Information supplied Start Marker

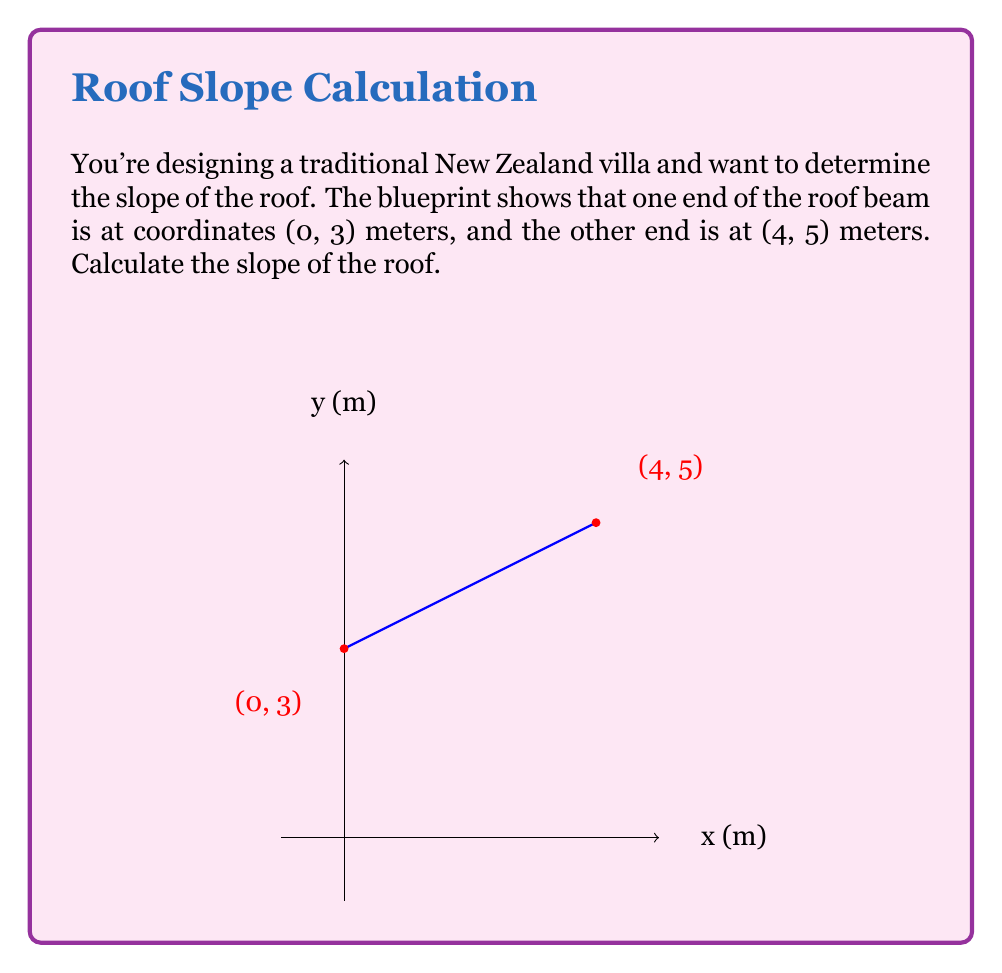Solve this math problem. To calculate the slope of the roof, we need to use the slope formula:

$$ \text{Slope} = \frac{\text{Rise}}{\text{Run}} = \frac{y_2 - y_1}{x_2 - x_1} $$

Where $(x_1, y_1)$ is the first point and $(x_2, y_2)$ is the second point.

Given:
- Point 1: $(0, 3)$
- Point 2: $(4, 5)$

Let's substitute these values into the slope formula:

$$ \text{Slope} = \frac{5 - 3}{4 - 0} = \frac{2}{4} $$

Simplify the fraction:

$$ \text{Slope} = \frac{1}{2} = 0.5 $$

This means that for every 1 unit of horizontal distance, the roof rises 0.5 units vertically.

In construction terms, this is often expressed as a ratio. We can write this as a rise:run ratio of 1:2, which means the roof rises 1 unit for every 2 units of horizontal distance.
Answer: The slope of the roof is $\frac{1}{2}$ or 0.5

Information supplied End Marker
Information supplied Start Marker

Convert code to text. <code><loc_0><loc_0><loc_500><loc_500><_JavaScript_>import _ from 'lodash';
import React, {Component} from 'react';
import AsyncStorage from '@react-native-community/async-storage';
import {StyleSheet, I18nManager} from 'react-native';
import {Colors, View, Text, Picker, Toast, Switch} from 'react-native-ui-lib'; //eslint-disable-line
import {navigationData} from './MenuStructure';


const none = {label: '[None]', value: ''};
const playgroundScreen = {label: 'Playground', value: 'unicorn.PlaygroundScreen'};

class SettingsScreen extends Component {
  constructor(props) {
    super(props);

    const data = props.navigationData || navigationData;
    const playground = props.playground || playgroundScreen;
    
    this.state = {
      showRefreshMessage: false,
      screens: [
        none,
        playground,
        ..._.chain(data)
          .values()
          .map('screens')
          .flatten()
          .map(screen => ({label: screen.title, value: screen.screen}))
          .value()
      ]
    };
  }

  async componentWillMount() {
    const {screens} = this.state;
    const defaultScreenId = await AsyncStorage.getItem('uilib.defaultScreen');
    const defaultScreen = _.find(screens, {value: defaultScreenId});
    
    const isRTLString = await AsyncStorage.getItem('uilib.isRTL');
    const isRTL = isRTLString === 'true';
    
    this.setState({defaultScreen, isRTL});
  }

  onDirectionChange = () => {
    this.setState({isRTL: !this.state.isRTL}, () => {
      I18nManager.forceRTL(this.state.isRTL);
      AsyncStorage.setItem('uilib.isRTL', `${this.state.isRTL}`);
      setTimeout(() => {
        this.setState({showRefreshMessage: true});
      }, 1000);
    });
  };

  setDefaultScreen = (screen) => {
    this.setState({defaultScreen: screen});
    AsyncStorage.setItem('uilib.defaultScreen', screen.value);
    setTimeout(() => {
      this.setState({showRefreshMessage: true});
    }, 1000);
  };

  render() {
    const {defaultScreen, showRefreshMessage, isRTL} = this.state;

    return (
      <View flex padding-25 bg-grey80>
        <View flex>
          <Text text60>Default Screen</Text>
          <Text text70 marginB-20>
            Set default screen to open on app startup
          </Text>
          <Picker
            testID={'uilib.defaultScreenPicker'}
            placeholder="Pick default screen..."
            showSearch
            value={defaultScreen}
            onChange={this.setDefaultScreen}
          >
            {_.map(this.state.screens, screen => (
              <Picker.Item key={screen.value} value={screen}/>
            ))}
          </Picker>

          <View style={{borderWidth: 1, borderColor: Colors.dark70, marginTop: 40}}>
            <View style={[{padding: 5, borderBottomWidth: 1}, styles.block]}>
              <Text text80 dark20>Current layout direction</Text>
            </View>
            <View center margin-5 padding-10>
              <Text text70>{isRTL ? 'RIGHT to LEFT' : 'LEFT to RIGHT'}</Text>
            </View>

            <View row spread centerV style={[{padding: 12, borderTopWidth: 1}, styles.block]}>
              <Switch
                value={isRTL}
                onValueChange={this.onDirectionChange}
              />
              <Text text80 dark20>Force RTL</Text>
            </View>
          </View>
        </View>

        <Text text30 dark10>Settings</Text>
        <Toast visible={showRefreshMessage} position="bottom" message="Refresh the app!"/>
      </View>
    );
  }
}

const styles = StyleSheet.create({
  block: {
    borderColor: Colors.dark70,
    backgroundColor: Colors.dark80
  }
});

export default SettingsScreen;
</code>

Information supplied End Marker

Look for the word "playgroundScreen" in every line of the listing and copy the lines that have it.

const playgroundScreen = {label: 'Playground', value: 'unicorn.PlaygroundScreen'};
    const playground = props.playground || playgroundScreen;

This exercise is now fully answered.